§ WHAT TO WORK ON
The word "TunnelStream" may appear in lines of the data below. Say how many lines hold it, giving only the number.

§ ENTRIES SUPPLIED
----
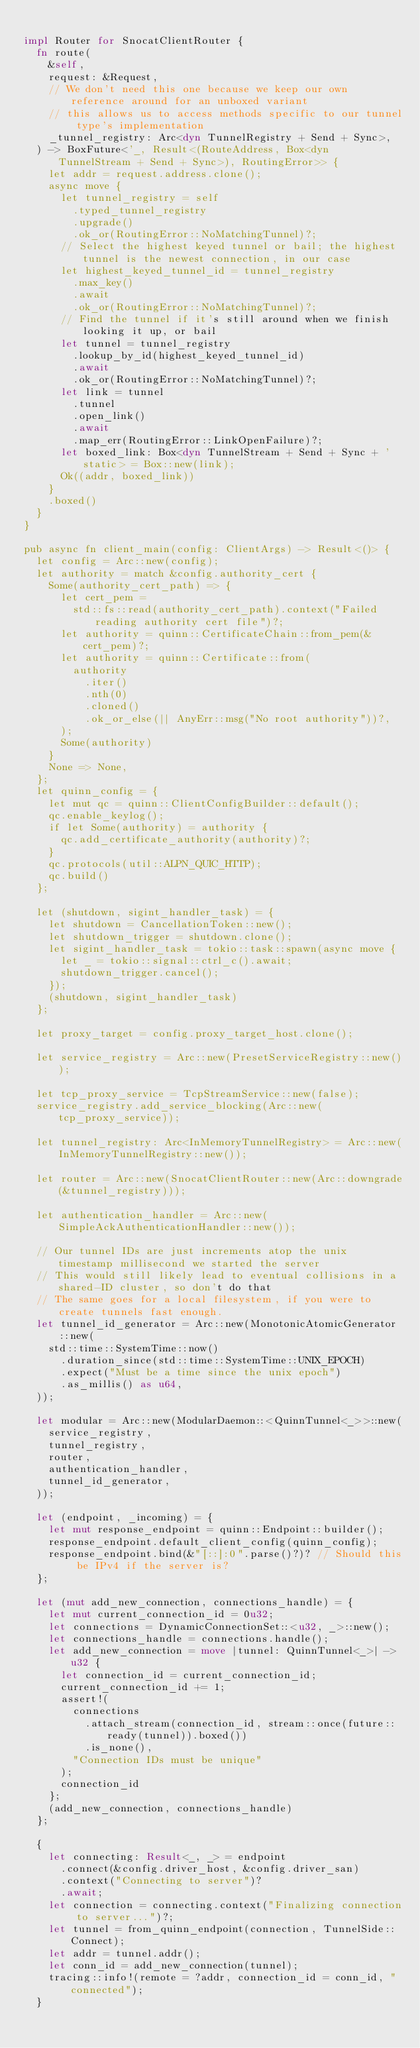Convert code to text. <code><loc_0><loc_0><loc_500><loc_500><_Rust_>
impl Router for SnocatClientRouter {
  fn route(
    &self,
    request: &Request,
    // We don't need this one because we keep our own reference around for an unboxed variant
    // this allows us to access methods specific to our tunnel type's implementation
    _tunnel_registry: Arc<dyn TunnelRegistry + Send + Sync>,
  ) -> BoxFuture<'_, Result<(RouteAddress, Box<dyn TunnelStream + Send + Sync>), RoutingError>> {
    let addr = request.address.clone();
    async move {
      let tunnel_registry = self
        .typed_tunnel_registry
        .upgrade()
        .ok_or(RoutingError::NoMatchingTunnel)?;
      // Select the highest keyed tunnel or bail; the highest tunnel is the newest connection, in our case
      let highest_keyed_tunnel_id = tunnel_registry
        .max_key()
        .await
        .ok_or(RoutingError::NoMatchingTunnel)?;
      // Find the tunnel if it's still around when we finish looking it up, or bail
      let tunnel = tunnel_registry
        .lookup_by_id(highest_keyed_tunnel_id)
        .await
        .ok_or(RoutingError::NoMatchingTunnel)?;
      let link = tunnel
        .tunnel
        .open_link()
        .await
        .map_err(RoutingError::LinkOpenFailure)?;
      let boxed_link: Box<dyn TunnelStream + Send + Sync + 'static> = Box::new(link);
      Ok((addr, boxed_link))
    }
    .boxed()
  }
}

pub async fn client_main(config: ClientArgs) -> Result<()> {
  let config = Arc::new(config);
  let authority = match &config.authority_cert {
    Some(authority_cert_path) => {
      let cert_pem =
        std::fs::read(authority_cert_path).context("Failed reading authority cert file")?;
      let authority = quinn::CertificateChain::from_pem(&cert_pem)?;
      let authority = quinn::Certificate::from(
        authority
          .iter()
          .nth(0)
          .cloned()
          .ok_or_else(|| AnyErr::msg("No root authority"))?,
      );
      Some(authority)
    }
    None => None,
  };
  let quinn_config = {
    let mut qc = quinn::ClientConfigBuilder::default();
    qc.enable_keylog();
    if let Some(authority) = authority {
      qc.add_certificate_authority(authority)?;
    }
    qc.protocols(util::ALPN_QUIC_HTTP);
    qc.build()
  };

  let (shutdown, sigint_handler_task) = {
    let shutdown = CancellationToken::new();
    let shutdown_trigger = shutdown.clone();
    let sigint_handler_task = tokio::task::spawn(async move {
      let _ = tokio::signal::ctrl_c().await;
      shutdown_trigger.cancel();
    });
    (shutdown, sigint_handler_task)
  };

  let proxy_target = config.proxy_target_host.clone();

  let service_registry = Arc::new(PresetServiceRegistry::new());

  let tcp_proxy_service = TcpStreamService::new(false);
  service_registry.add_service_blocking(Arc::new(tcp_proxy_service));

  let tunnel_registry: Arc<InMemoryTunnelRegistry> = Arc::new(InMemoryTunnelRegistry::new());

  let router = Arc::new(SnocatClientRouter::new(Arc::downgrade(&tunnel_registry)));

  let authentication_handler = Arc::new(SimpleAckAuthenticationHandler::new());

  // Our tunnel IDs are just increments atop the unix timestamp millisecond we started the server
  // This would still likely lead to eventual collisions in a shared-ID cluster, so don't do that
  // The same goes for a local filesystem, if you were to create tunnels fast enough.
  let tunnel_id_generator = Arc::new(MonotonicAtomicGenerator::new(
    std::time::SystemTime::now()
      .duration_since(std::time::SystemTime::UNIX_EPOCH)
      .expect("Must be a time since the unix epoch")
      .as_millis() as u64,
  ));

  let modular = Arc::new(ModularDaemon::<QuinnTunnel<_>>::new(
    service_registry,
    tunnel_registry,
    router,
    authentication_handler,
    tunnel_id_generator,
  ));

  let (endpoint, _incoming) = {
    let mut response_endpoint = quinn::Endpoint::builder();
    response_endpoint.default_client_config(quinn_config);
    response_endpoint.bind(&"[::]:0".parse()?)? // Should this be IPv4 if the server is?
  };

  let (mut add_new_connection, connections_handle) = {
    let mut current_connection_id = 0u32;
    let connections = DynamicConnectionSet::<u32, _>::new();
    let connections_handle = connections.handle();
    let add_new_connection = move |tunnel: QuinnTunnel<_>| -> u32 {
      let connection_id = current_connection_id;
      current_connection_id += 1;
      assert!(
        connections
          .attach_stream(connection_id, stream::once(future::ready(tunnel)).boxed())
          .is_none(),
        "Connection IDs must be unique"
      );
      connection_id
    };
    (add_new_connection, connections_handle)
  };

  {
    let connecting: Result<_, _> = endpoint
      .connect(&config.driver_host, &config.driver_san)
      .context("Connecting to server")?
      .await;
    let connection = connecting.context("Finalizing connection to server...")?;
    let tunnel = from_quinn_endpoint(connection, TunnelSide::Connect);
    let addr = tunnel.addr();
    let conn_id = add_new_connection(tunnel);
    tracing::info!(remote = ?addr, connection_id = conn_id, "connected");
  }
</code>
----
§ RESPONSE FOR THIS EXERCISE
2